Depicting postal and telegraphic communication, the Post Office Mural’s semi-abstraction typifies modernist-inspired public art of the period. From the left, wavy lines emanating from a postmark bearing the words “Newton 1973” in Eurostyle font (favourite of late modernist architects everywhere) diverge into what could read as roads or telephone lines. The lines snake through a cluster of lozenge forms – houses, stylised letters or perhaps packets of information – before shooting out beyond the abstracted conurbation.

Near the centre of the mural, a broad strip of parallel lines moving from the top swoops down over an inbuilt light, before merging with a narrower horizontal band and another broad strip from the bottom of the mural. The converging sweep of lines then encircle a domed light, forming a motif that is part stylised koru, part motorway interchange.

The sinuous lines cutting between the clustered hollow lozenge forms recall a feature of the Newton landscape under construction at the same time as the Post Office building – the sweeping camber of ‘spaghetti junction’, Auckland’s most vexed piece of roading.

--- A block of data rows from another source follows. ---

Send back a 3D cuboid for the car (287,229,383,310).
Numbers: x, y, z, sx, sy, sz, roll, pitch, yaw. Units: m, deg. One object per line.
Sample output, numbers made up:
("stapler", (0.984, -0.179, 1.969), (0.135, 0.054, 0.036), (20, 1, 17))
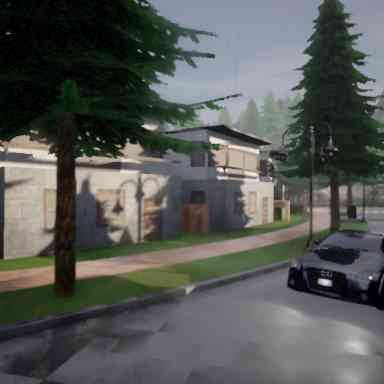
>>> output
("car", (4.040, 1.626, 8.024), (1.994, 1.385, 4.181), (0, 0, 45))
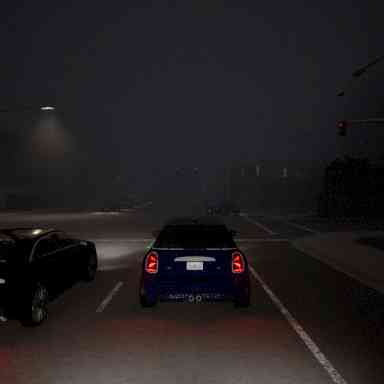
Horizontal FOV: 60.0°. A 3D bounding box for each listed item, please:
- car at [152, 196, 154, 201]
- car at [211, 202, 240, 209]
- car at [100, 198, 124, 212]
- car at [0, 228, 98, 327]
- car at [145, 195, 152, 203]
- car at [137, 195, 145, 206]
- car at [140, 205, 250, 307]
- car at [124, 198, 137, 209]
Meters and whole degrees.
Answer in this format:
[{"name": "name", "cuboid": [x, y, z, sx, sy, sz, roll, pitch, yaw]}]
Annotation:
[{"name": "car", "cuboid": [-10.638, 1.637, 82.918, 2.128, 1.511, 4.902, 0, 0, 0]}, {"name": "car", "cuboid": [3.409, 1.787, 36.069, 1.812, 1.442, 4.674, -1, -1, 43]}, {"name": "car", "cuboid": [-10.669, 1.857, 43.910, 1.812, 1.442, 4.674, 0, 0, 0]}, {"name": "car", "cuboid": [-3.446, 1.503, 7.015, 2.128, 1.511, 4.902, 0, 0, 0]}, {"name": "car", "cuboid": [-10.621, 1.556, 72.785, 2.097, 1.767, 4.553, 0, 1, 0]}, {"name": "car", "cuboid": [-10.660, 1.821, 62.732, 1.882, 1.535, 5.008, 0, 1, 0]}, {"name": "car", "cuboid": [0.060, 1.364, 8.155, 2.097, 1.767, 4.553, 0, 0, 0]}, {"name": "car", "cuboid": [-10.681, 1.743, 52.946, 2.097, 1.767, 4.553, 0, 0, 0]}]
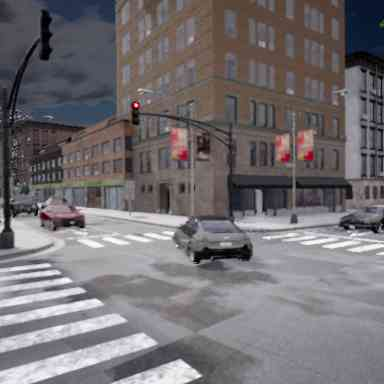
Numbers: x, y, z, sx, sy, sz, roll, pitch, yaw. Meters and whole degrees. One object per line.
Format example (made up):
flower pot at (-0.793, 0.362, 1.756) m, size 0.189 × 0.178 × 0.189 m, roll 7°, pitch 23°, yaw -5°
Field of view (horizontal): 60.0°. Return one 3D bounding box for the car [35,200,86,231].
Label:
car at (-8.306, 1.502, 21.181) m, size 1.882 × 1.535 × 5.008 m, roll -1°, pitch 0°, yaw -35°

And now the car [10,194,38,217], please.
car at (-16.581, 1.272, 32.583) m, size 2.150 × 2.045 × 5.566 m, roll -1°, pitch 0°, yaw -36°

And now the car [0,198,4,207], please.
car at (-27.082, 1.615, 47.199) m, size 1.812 × 1.442 × 4.674 m, roll -1°, pitch 0°, yaw -36°

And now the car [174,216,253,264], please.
car at (0.606, 1.543, 12.024) m, size 1.994 × 1.385 × 4.181 m, roll 0°, pitch 0°, yaw -12°

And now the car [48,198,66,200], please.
car at (-14.357, 1.362, 34.962) m, size 2.097 × 1.767 × 4.553 m, roll -1°, pitch 0°, yaw -36°

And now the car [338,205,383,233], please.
car at (10.740, 1.482, 19.341) m, size 5.357 × 1.411 × 2.033 m, roll 0°, pitch 0°, yaw -35°
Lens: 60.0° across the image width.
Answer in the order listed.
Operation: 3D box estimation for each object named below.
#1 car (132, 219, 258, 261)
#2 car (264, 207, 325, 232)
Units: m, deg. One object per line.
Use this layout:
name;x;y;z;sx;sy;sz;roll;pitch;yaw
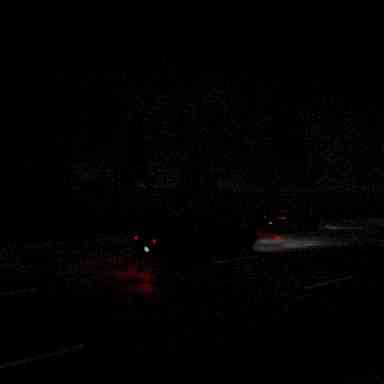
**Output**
car;0.281;1.666;12.543;4.718;1.301;1.895;1;0;-35
car;6.607;1.680;21.351;4.674;1.442;1.812;0;0;-35
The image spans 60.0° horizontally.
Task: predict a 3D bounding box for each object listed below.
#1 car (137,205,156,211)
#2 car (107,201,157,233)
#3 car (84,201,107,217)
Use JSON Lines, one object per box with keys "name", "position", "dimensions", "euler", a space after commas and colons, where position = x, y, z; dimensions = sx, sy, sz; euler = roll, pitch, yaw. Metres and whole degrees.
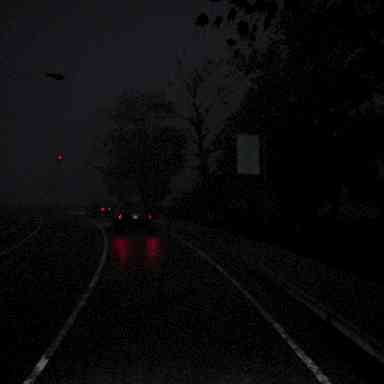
{"name": "car", "position": [-12.094, 4.278, 88.204], "dimensions": [4.792, 1.488, 2.163], "euler": [-5, -7, 32]}
{"name": "car", "position": [-3.632, 1.352, 19.624], "dimensions": [2.097, 1.767, 4.553], "euler": [2, 0, -18]}
{"name": "car", "position": [-8.339, 1.489, 30.506], "dimensions": [2.033, 1.411, 5.357], "euler": [3, -1, -32]}

Contemporary aerial views show the new motorway interchange cutting through the old central suburbs in just the way the sweeping lines zoom through the mural’s clustered forms, before trailing off into the aluminium countryside. To extend the reading of the mural in terms of this very new and dominant feature of the local landscape, the vertical band which loops over the first inbuilt light could be seen as referencing the Karagahape motorway overbridge. Just a block down the road from the Post Office, the bridge was constructed as part of the same major roading development (and also under the auspices of the Ministry of Works).

The mural evokes a sense of movement, while its abstraction allows a multiple reading of its moving, sweeping lines: as roads, as phone cables and as lines of flow. In its evocation of two modes of communication — post and telegraphy — the mural works at the cusp of the twentieth century’s major communicational shift – from object transfer to information transfer, from physical to electronic information.

Ngan’s mural was positioned in the building’s street level public area, filling an entire curtain wall. It was lit from above by spotlights in orange plastic dome fittings and skirted at its base by heavy-duty black plastic; the two lights built into the surface added focal illumination. The mural was decommissioned when the building was remodeled following the Post Office’s Rogernomic restructuring and the subsequent subleasing of parts of the building in the late 1980s. It remained in basement storage for a decade, only resurfacing in 1999 when I included it in my Artspace show, Nostalgia for the Future. Artspace is situated on the first floor of the Post Office building, so it seemed a highly appropriate context for a work designed in conjunction with the building’s construction.

In the 1970s a critic condemned the Post Office Mural as depthless décor, but today Ngan’s futuristic artwork seems stylish and dynamic, a social artefact representing a free-spending, infrastructure-happy governmental culture.